Intérpretes: Cecilia Solaguren (Granadina), Juan Carlos Talavera
(Ribera), Natalia Hernández (Polonia), Rosa Savoini (Pereira),
Victoria Tejeiro (Guzmana), Ivana Heredia (Mariana), Iñaki
Rikarte (Ponce), Carles Moreu (Ayala), Mª Jesús Llorente
(Cortinas), Carmen Gutiérrez (Garcesa), Jorge Martín (Garrido),
David Lorente (Chinica), Susana Hernández (Mayora), José Luis
Alcobendas (Ibarro), José Luis Patiño Espejo) y Eduardo Mayo
(Campano).
Músicos: Melissa Castillo (Violín), Luzma Fernández
(Fortepiano), Marta González (Violín) y Gartxot Ortiz
(Violoncello).
Compañía Nacional de Teatro Clásico.
Dirección: Ernesto Caballero.
Estreno: Teatro Pavón, 16 – IV - 2006.
Don Ramón de la Cruz fue autor famoso y de éxito en la
segunda mitad del siglo XVIII. No gozó, sin embargo, de la
simpatía de sus colegas, uno de los cuales, Nicolás Fernández
Moratín, le situó entre “los poetastros o versificantes
saineteros y entremeteros”. Los demás, entre los que cabe
citar a Tomás de Iriarte, Samaniego y Leandro
Fernández Moratín, no fueron más generosos con la máxima
figura del sainete o, si se prefiere, del entremés dieciochesco.

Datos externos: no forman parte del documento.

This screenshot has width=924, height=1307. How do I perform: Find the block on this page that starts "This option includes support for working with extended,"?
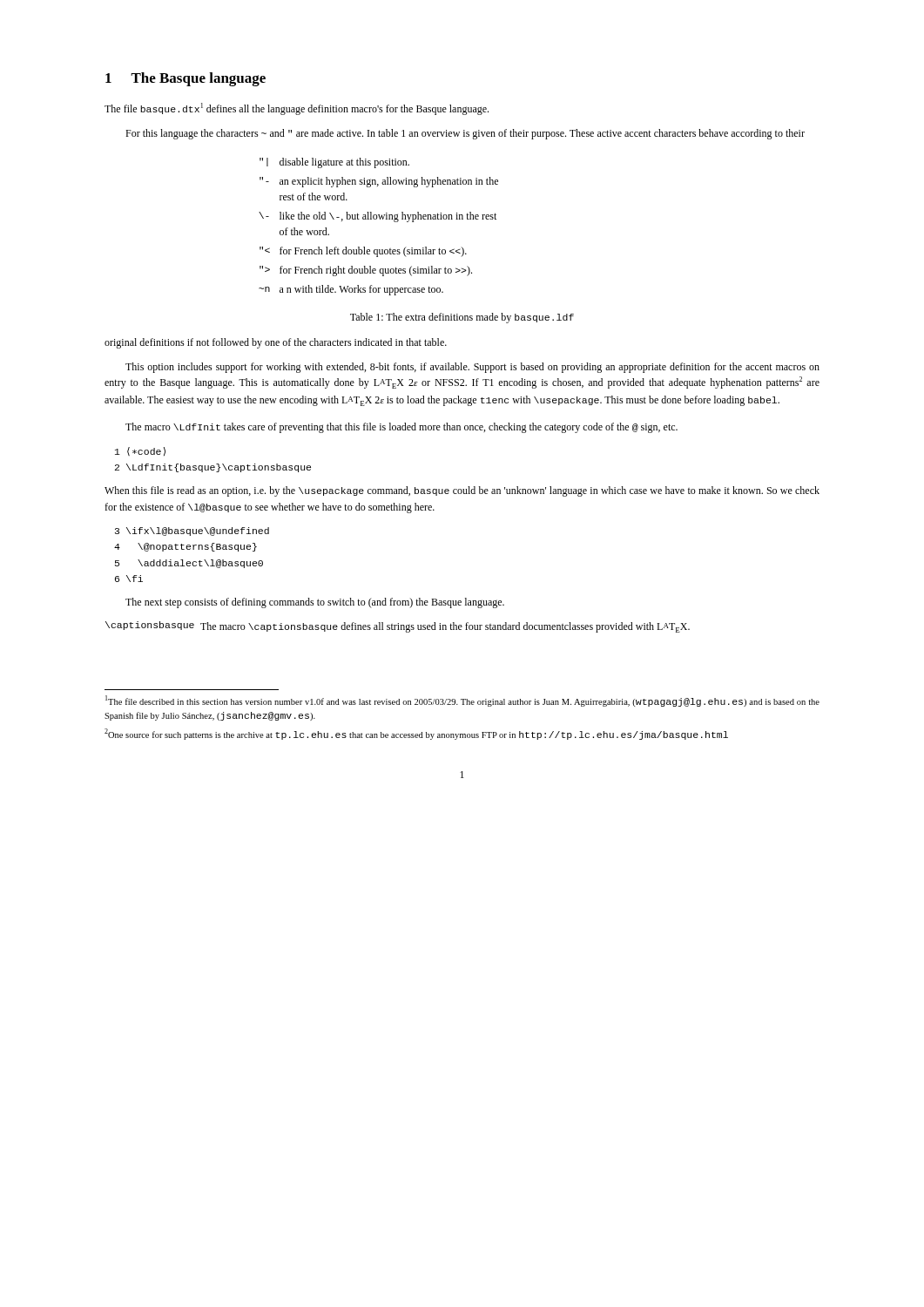pyautogui.click(x=462, y=385)
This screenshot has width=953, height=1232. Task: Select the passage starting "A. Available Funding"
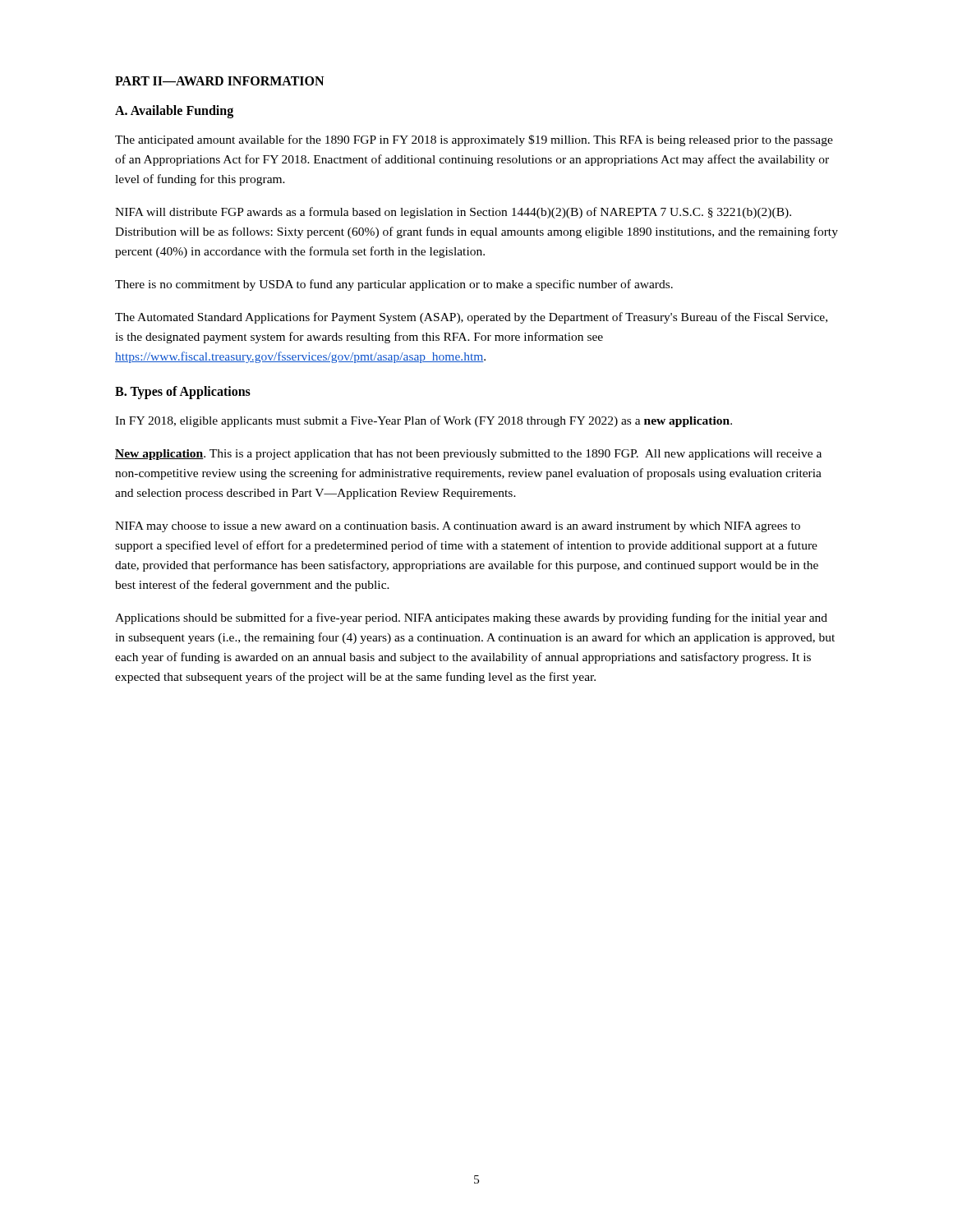click(174, 110)
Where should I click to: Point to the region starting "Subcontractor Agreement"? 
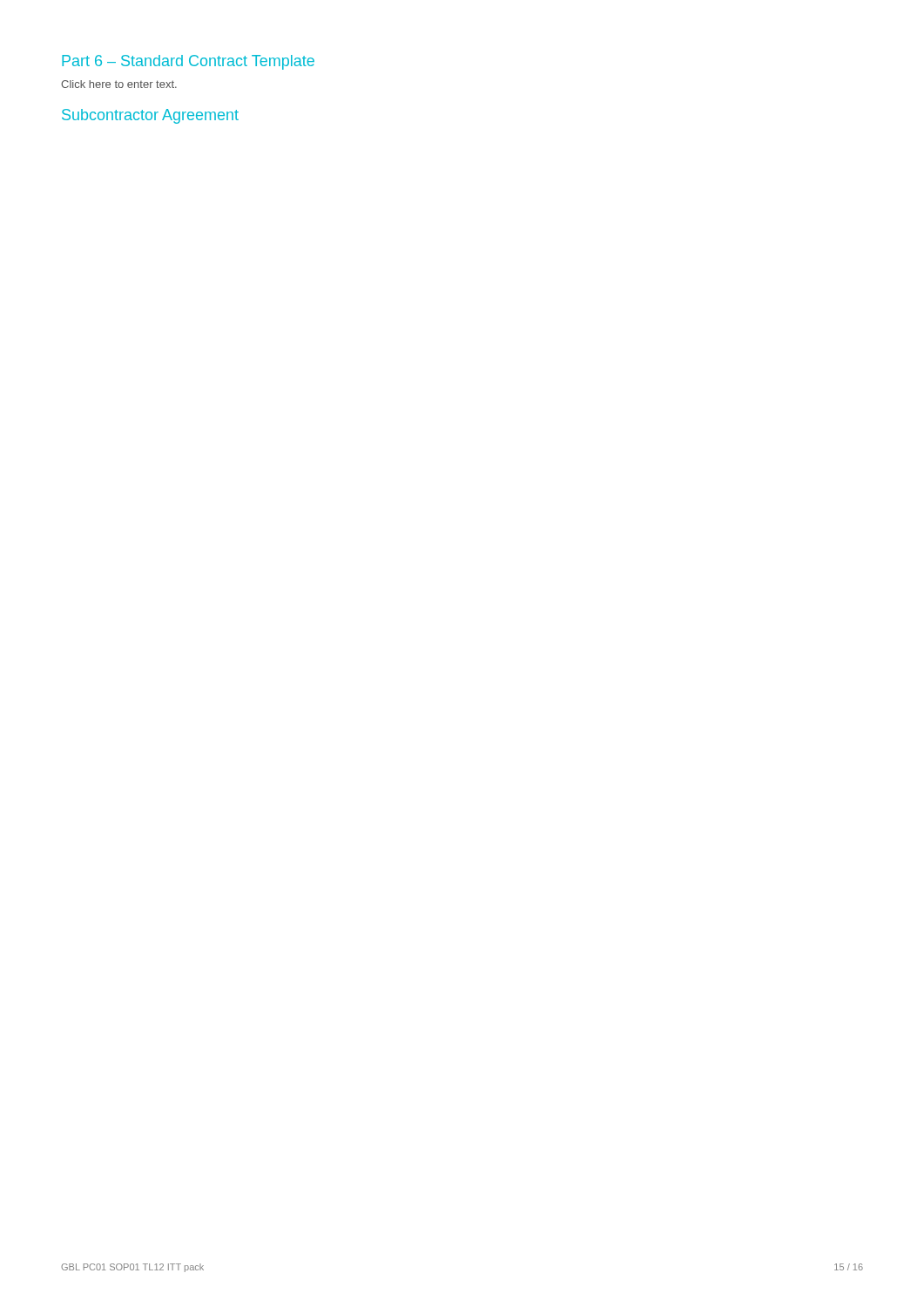(150, 115)
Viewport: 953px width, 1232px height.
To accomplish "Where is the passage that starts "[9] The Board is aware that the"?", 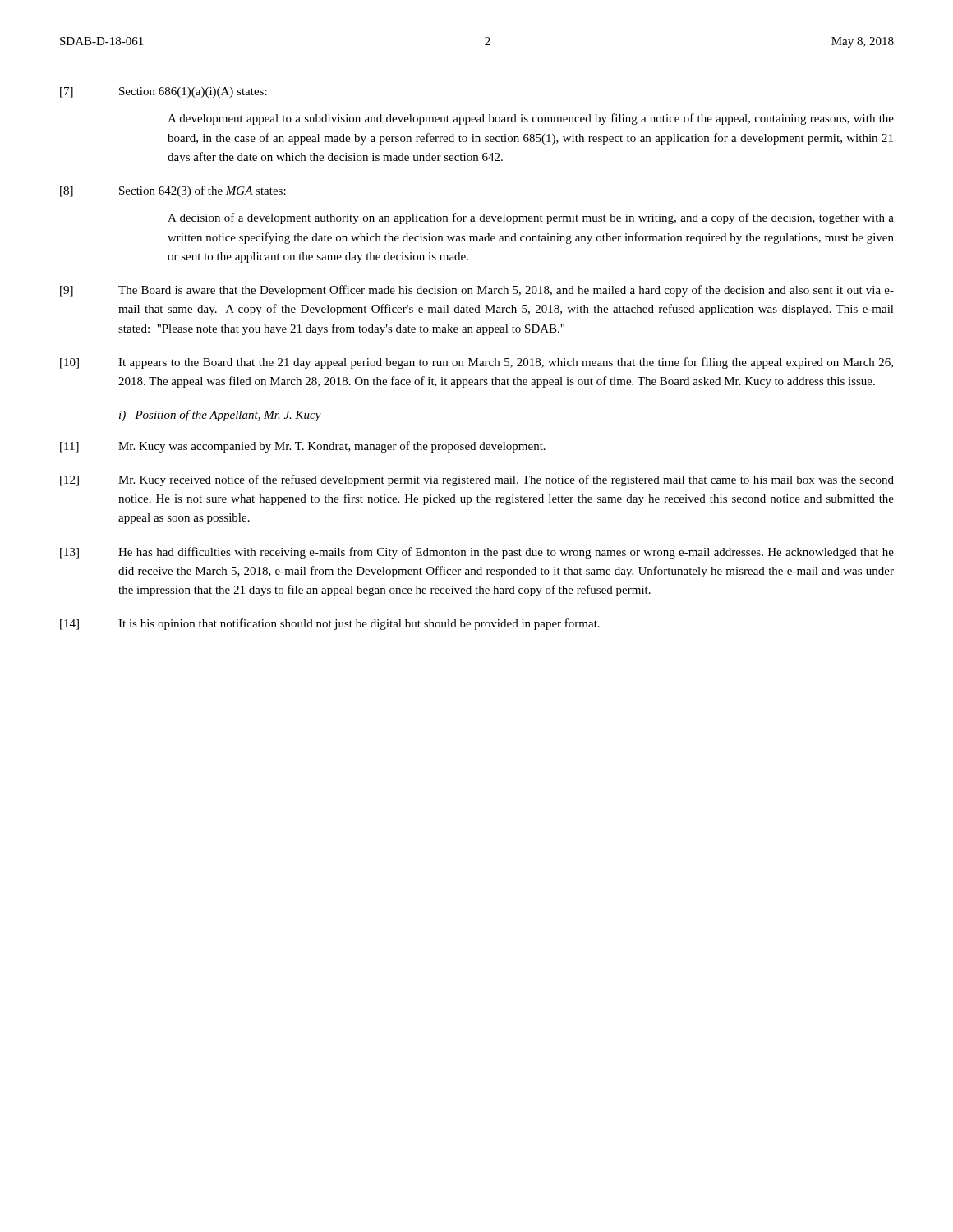I will (476, 310).
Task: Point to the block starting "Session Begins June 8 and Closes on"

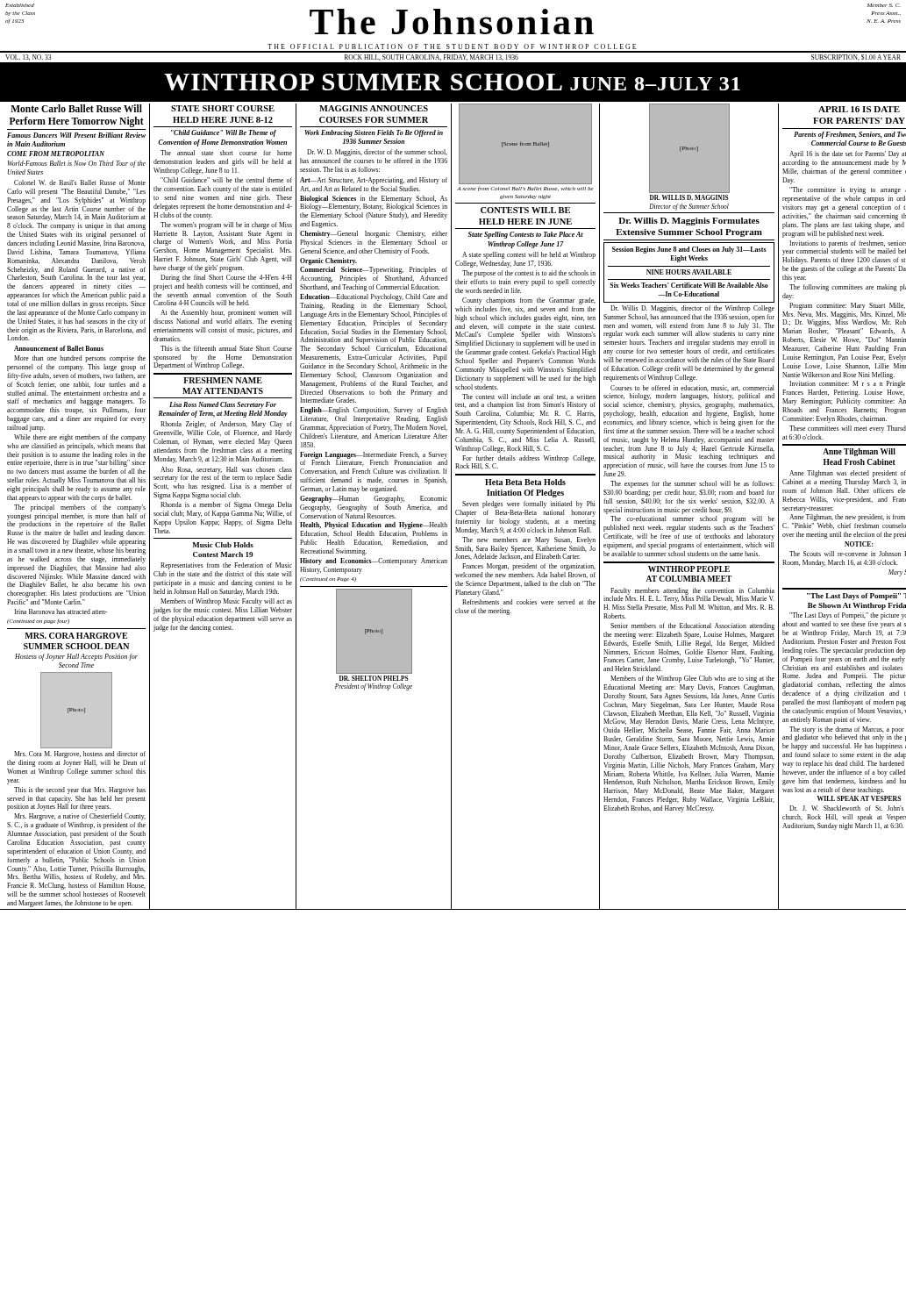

Estos representantes de la Ilustración, que contemplaban el
teatro como una herramienta educativa, descalificaban a nuestro
autor por considerarle ajeno a ese interés, por más que sus
obras, de sencilla factura y cómico talante, contuvieran una
crítica, eso sí, amable, propia del género, de los hábitos
sociales de sus contemporáneos. Tras su muerte, acaecida en
1794, su fama decreció y, poco a poco, su abundante producción
fue cayendo en el olvido. Hoy, el nombre del escritor es más
conocido por la madrileña calle que lleva su nombre que por su
obra. Quiénes intenten conocerla, apenas encontrarán en las
librerías, de los varios centenares de piezas que compuso,
apenas una docena de sainetes.
FOTO: CHICHO |
Cuantos de entonces acá han estudiado su teatro, no han
contribuido a rescatar su figura. Con excepción de Menéndez
Pelayo, el cual afirmó que quién de verdad quiera conocer la
España del XVIII deberá acudir a los sainetes de Ramón de la
Cruz, los demás consideran que su teatro es puro costumbrismo y,
en consecuencia, intrascendente y de cortos vuelos. Ruiz Ramón
lo resumió diciendo que la pretensión de nuestro autor de
retratar hombres no fue más allá de retratar sus vestidos y
pelucas. Era necesario este preámbulo para valorar mejor la
decisión de Eduardo Vasco de recuperar el teatro de un autor
menor sin sitio entre los grandes y hacerlo, precisamente,
incluyéndolo en la programación del centro nacional que dirige.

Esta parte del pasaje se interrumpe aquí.